(Records supplied begins)

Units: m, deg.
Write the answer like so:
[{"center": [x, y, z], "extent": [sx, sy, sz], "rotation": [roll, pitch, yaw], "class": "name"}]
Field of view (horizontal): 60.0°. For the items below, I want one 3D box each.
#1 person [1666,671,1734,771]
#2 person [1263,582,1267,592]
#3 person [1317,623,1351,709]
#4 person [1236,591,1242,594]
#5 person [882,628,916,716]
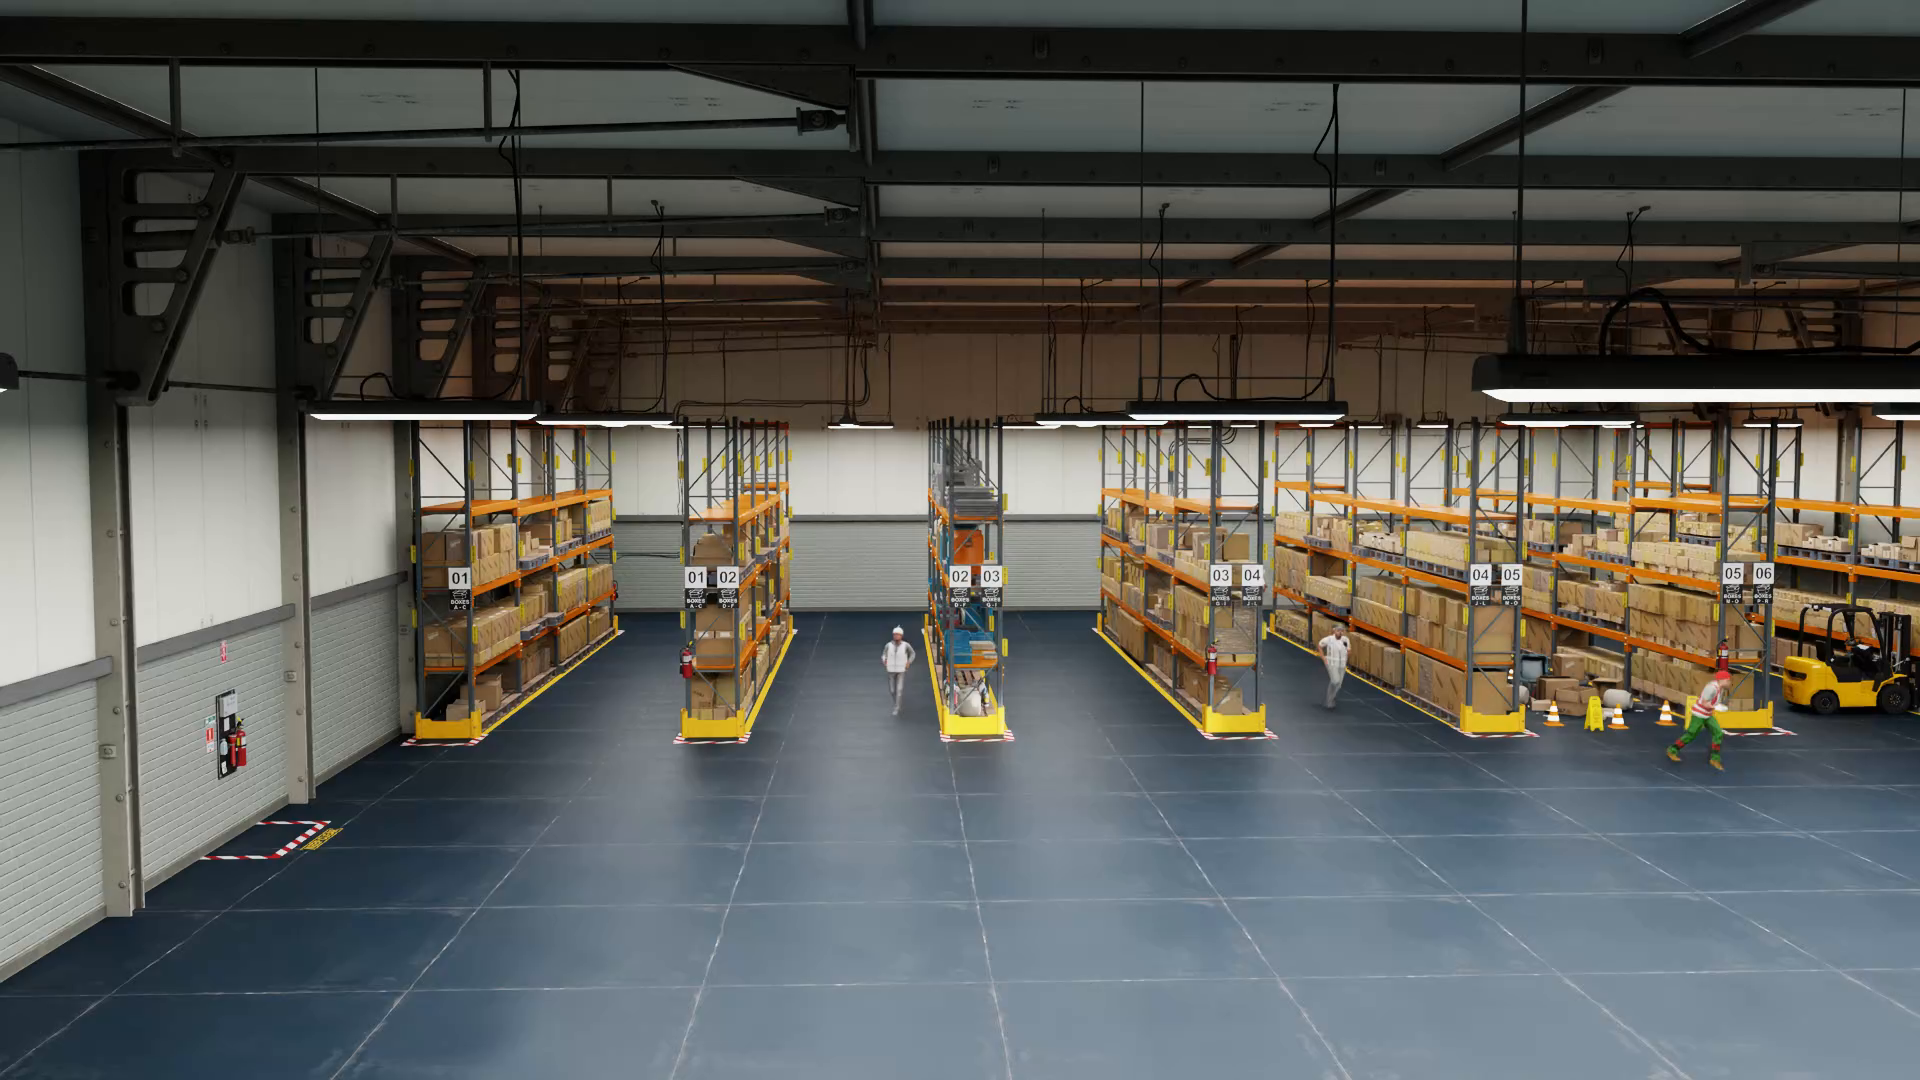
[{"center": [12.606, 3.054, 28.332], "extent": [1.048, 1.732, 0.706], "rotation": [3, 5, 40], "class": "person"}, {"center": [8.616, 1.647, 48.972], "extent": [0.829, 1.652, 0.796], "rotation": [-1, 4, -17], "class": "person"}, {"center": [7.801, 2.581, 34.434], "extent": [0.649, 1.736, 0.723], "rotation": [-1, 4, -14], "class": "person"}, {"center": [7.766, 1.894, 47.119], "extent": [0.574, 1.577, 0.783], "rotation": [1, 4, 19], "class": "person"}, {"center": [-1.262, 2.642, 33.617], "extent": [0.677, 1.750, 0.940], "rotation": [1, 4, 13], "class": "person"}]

(Records supplied ends)
(Records supplied begins)

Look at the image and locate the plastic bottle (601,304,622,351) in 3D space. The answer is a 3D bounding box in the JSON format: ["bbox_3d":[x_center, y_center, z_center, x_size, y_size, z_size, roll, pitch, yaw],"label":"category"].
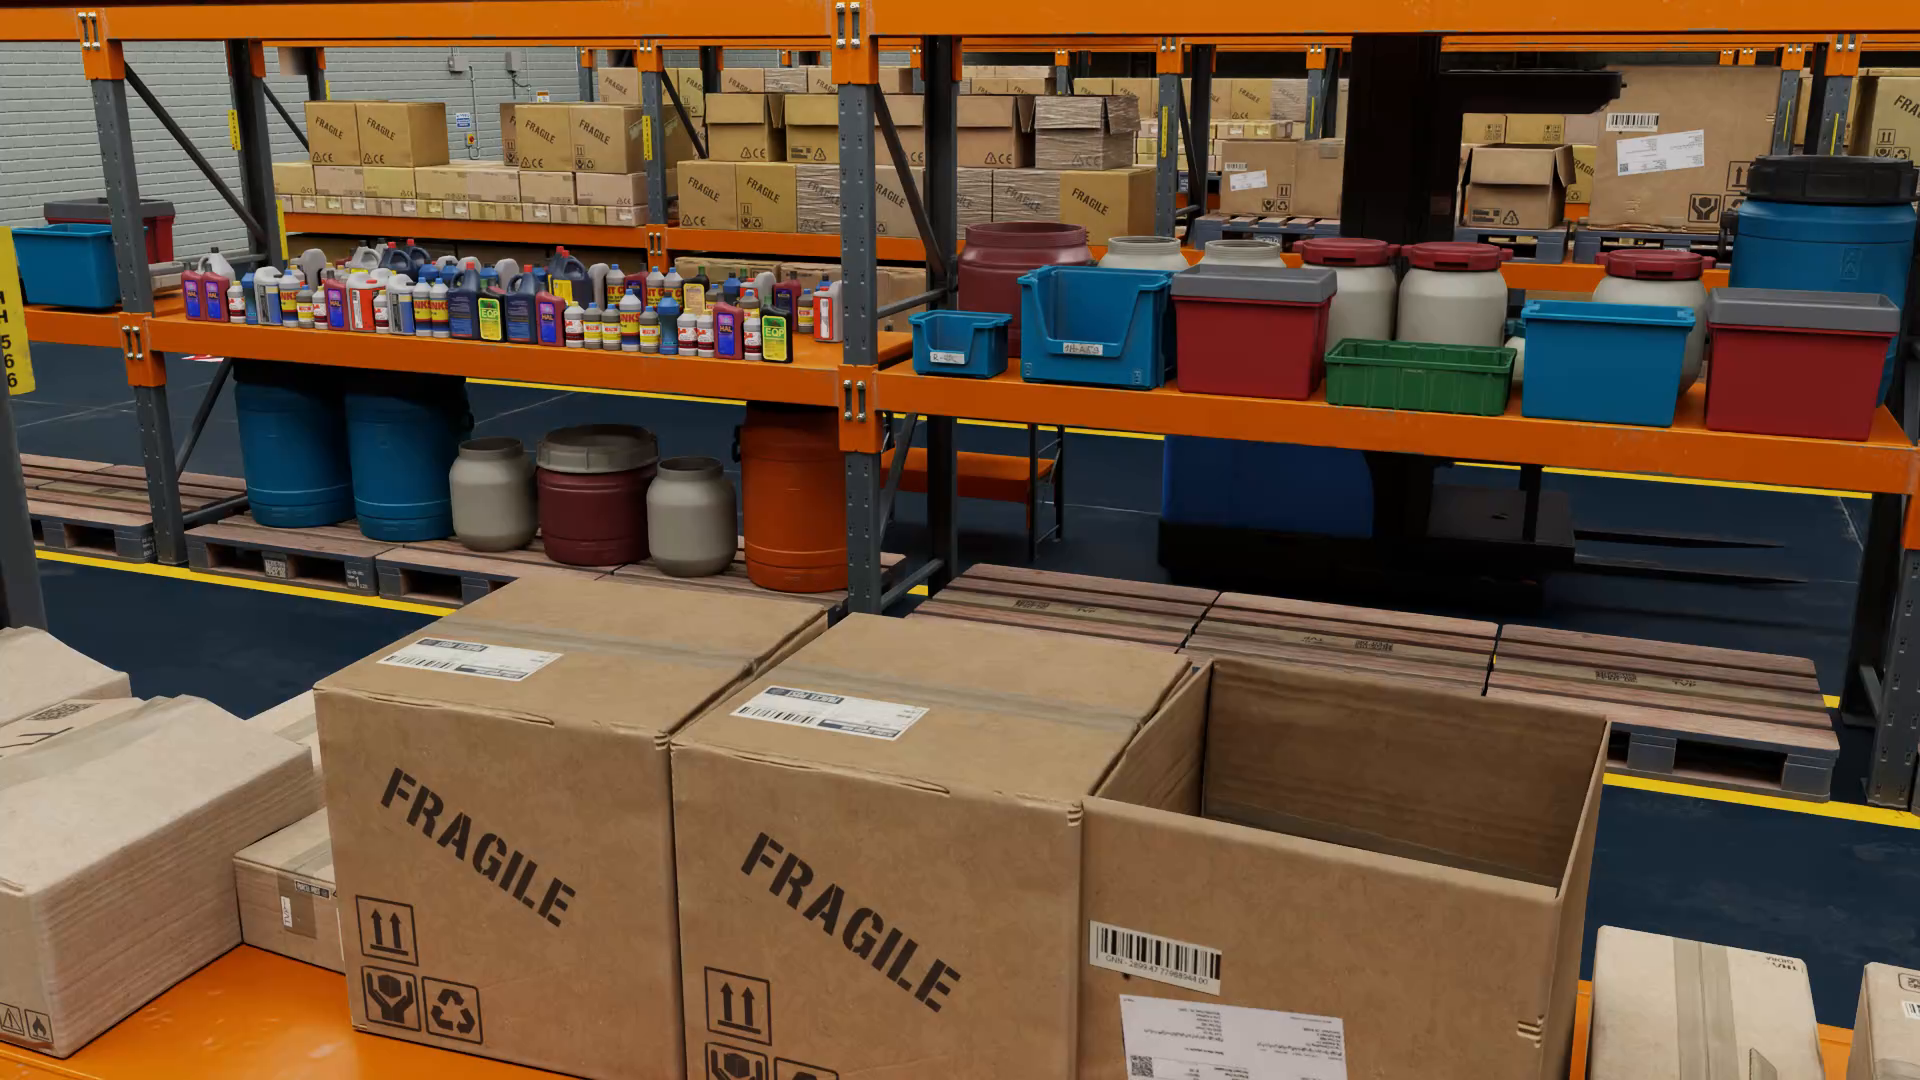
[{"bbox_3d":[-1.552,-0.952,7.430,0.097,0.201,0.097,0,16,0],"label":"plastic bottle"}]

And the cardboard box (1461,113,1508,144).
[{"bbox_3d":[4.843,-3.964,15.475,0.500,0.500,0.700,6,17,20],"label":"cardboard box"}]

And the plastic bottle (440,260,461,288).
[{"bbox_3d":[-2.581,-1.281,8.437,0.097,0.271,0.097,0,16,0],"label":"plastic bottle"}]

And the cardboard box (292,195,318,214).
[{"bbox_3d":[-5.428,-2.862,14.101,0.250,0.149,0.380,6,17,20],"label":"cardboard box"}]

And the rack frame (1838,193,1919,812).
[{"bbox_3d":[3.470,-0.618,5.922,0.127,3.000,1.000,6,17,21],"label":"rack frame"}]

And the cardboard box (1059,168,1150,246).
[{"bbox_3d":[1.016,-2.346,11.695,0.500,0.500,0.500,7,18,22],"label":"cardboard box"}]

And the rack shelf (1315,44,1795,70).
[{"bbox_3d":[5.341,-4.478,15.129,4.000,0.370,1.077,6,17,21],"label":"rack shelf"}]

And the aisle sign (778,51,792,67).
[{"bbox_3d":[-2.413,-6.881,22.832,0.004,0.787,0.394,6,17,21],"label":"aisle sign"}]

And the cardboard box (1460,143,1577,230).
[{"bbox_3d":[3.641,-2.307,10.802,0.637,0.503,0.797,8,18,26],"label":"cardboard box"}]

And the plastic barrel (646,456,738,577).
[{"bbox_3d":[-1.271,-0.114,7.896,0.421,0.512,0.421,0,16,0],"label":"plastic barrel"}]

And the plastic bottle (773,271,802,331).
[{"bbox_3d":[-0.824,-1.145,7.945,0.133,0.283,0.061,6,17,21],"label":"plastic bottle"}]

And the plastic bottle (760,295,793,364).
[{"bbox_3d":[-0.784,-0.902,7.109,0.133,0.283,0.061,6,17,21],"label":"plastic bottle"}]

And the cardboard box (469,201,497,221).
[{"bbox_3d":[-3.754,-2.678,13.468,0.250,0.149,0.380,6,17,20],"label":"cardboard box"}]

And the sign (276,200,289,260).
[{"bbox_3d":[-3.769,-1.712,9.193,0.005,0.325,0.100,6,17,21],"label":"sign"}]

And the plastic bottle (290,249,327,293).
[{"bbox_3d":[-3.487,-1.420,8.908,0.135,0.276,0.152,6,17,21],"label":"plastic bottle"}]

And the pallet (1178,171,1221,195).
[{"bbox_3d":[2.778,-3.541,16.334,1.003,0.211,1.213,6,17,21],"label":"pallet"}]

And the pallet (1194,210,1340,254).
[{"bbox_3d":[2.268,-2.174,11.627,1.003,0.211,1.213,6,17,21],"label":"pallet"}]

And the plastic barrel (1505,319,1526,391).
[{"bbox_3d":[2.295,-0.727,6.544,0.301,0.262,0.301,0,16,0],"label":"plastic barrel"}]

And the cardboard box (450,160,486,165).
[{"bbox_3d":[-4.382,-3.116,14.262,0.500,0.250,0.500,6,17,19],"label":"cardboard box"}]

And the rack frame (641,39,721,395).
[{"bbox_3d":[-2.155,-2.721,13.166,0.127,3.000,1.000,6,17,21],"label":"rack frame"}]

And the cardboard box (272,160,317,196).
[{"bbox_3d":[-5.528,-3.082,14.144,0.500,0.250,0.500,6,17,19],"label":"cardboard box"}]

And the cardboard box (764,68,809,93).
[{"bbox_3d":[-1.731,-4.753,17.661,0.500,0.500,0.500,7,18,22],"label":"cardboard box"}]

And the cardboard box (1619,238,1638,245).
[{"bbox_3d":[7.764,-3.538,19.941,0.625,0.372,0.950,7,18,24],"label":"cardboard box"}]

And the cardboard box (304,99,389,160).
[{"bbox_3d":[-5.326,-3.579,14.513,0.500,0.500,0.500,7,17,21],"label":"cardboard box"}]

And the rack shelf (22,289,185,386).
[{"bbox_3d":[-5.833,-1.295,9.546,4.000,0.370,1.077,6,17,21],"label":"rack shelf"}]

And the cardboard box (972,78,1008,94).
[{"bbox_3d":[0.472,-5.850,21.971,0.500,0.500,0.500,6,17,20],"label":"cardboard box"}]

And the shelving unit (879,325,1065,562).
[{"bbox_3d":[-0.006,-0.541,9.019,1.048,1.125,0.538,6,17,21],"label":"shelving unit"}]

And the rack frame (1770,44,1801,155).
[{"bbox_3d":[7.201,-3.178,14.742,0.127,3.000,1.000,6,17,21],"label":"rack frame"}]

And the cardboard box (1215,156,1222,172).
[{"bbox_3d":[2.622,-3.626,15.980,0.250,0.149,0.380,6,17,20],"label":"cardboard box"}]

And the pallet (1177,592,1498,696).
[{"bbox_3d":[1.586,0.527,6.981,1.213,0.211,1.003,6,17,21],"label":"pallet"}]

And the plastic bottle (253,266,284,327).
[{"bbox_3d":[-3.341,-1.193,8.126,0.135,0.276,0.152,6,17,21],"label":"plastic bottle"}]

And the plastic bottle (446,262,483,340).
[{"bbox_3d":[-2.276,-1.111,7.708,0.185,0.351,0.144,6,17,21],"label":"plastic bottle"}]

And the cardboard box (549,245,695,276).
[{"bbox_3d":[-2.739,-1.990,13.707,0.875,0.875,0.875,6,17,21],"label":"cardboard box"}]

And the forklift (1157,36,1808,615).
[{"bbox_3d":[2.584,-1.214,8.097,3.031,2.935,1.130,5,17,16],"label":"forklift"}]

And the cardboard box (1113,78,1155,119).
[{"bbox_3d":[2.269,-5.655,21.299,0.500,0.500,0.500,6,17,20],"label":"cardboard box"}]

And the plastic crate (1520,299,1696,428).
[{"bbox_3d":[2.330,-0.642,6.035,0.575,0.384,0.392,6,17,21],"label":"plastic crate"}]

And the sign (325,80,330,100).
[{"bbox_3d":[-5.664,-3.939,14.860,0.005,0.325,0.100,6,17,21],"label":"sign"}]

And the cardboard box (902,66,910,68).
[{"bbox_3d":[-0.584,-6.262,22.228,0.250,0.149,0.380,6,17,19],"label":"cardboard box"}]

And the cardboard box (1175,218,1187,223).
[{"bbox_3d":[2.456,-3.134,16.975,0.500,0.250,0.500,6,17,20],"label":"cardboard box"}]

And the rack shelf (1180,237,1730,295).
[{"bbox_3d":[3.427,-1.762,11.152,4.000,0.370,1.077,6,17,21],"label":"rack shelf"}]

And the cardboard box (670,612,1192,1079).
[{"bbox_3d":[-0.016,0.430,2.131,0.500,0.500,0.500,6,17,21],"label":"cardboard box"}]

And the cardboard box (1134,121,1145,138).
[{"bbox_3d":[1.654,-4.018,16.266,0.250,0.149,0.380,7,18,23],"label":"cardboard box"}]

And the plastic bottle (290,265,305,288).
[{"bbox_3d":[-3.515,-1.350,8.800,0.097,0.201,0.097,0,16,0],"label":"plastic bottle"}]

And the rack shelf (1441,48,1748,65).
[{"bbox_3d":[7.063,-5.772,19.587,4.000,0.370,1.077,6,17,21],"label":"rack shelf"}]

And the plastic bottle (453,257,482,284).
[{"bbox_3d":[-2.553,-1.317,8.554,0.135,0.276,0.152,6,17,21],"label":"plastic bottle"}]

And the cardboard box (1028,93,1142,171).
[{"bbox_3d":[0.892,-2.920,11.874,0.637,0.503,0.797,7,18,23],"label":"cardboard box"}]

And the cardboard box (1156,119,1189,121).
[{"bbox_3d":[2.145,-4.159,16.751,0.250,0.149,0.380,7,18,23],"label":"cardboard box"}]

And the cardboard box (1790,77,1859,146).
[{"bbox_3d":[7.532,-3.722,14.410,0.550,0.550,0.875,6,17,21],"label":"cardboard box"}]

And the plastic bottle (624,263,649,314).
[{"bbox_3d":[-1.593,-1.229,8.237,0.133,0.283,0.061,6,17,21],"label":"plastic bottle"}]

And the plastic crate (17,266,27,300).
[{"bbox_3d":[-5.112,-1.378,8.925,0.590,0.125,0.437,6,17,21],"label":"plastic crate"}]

(Records supplied ends)
(Records supplied begins)

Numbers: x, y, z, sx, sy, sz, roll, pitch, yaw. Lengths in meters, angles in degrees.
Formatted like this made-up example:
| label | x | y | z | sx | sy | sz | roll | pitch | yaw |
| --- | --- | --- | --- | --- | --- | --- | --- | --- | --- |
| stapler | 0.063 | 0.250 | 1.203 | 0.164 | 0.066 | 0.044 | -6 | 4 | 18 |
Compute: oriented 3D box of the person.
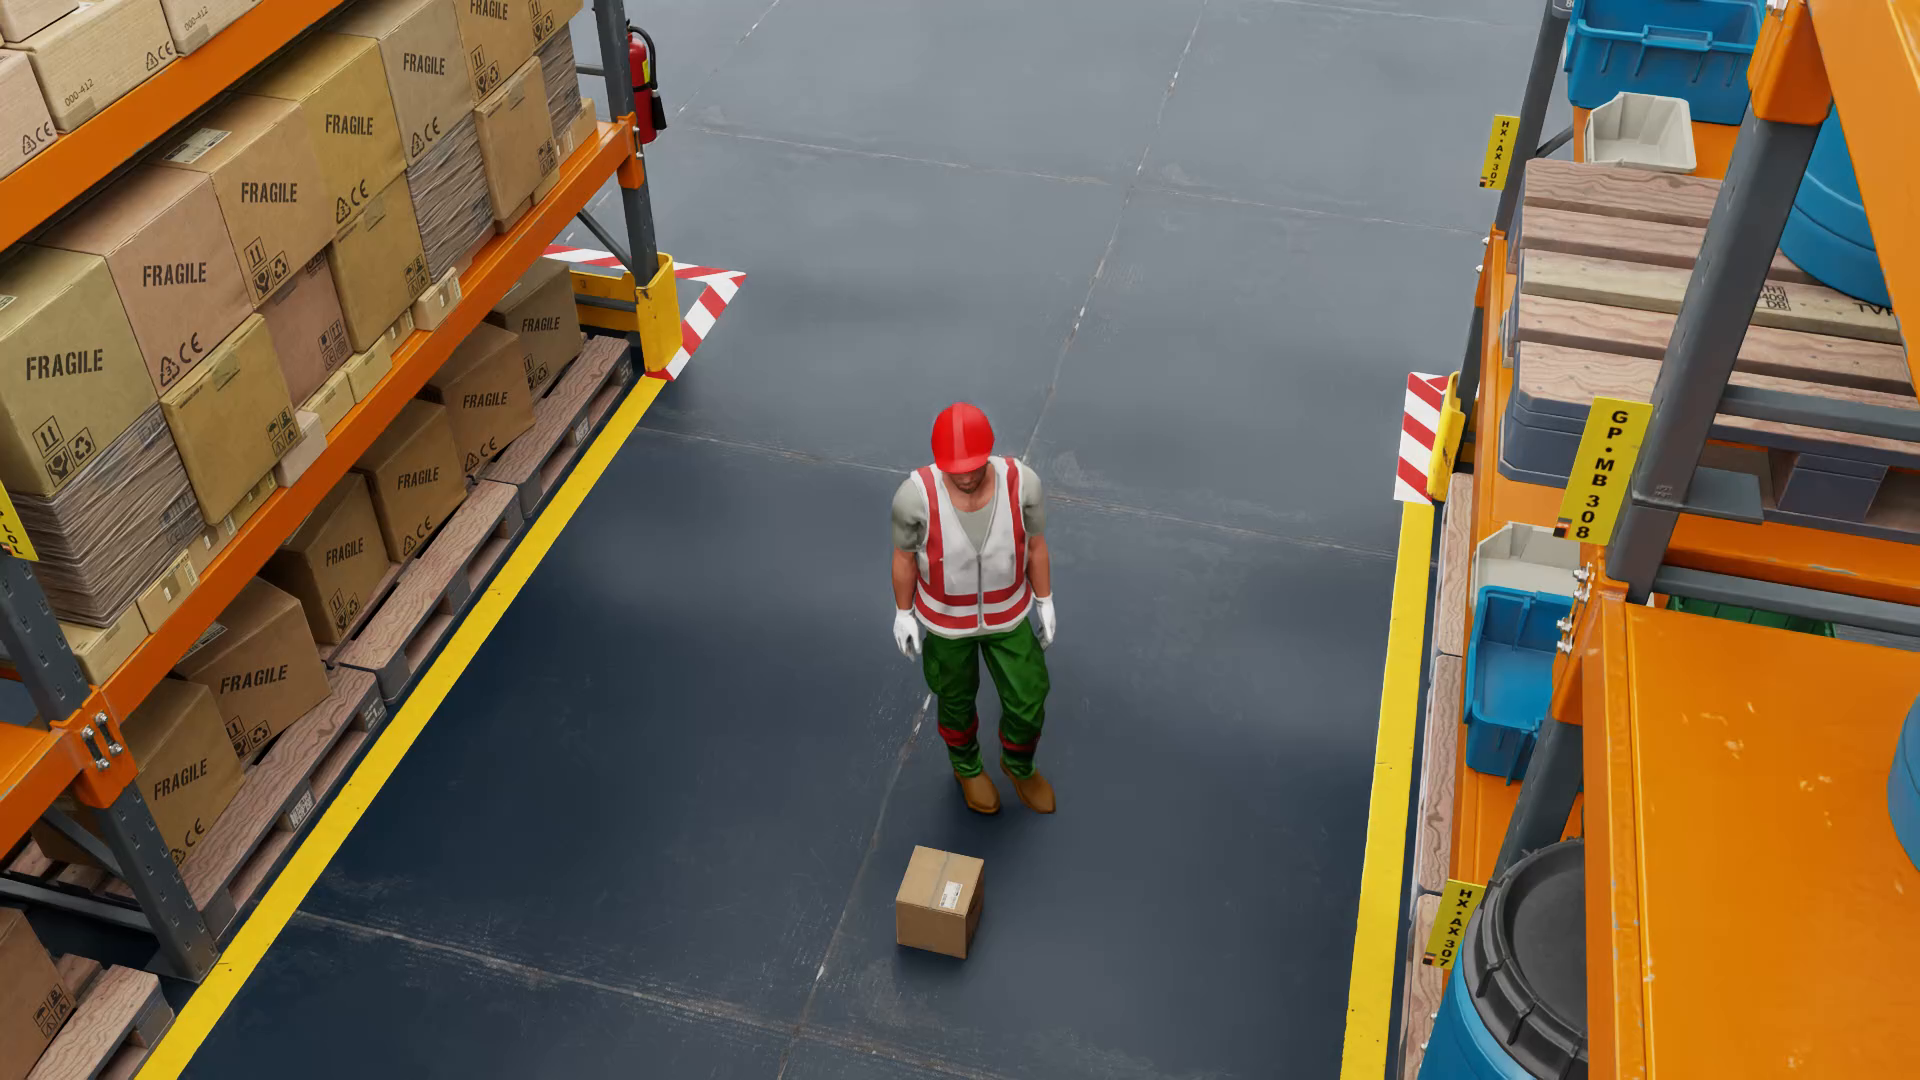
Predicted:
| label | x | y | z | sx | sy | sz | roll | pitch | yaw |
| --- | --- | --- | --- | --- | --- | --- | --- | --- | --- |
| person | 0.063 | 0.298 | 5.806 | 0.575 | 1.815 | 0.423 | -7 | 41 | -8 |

(Records supplied ends)

# [Problem description]
Take from the material every line that holds "like".

# [Output for this exercise]
Write the answer like so:
Formatted like this made-up example:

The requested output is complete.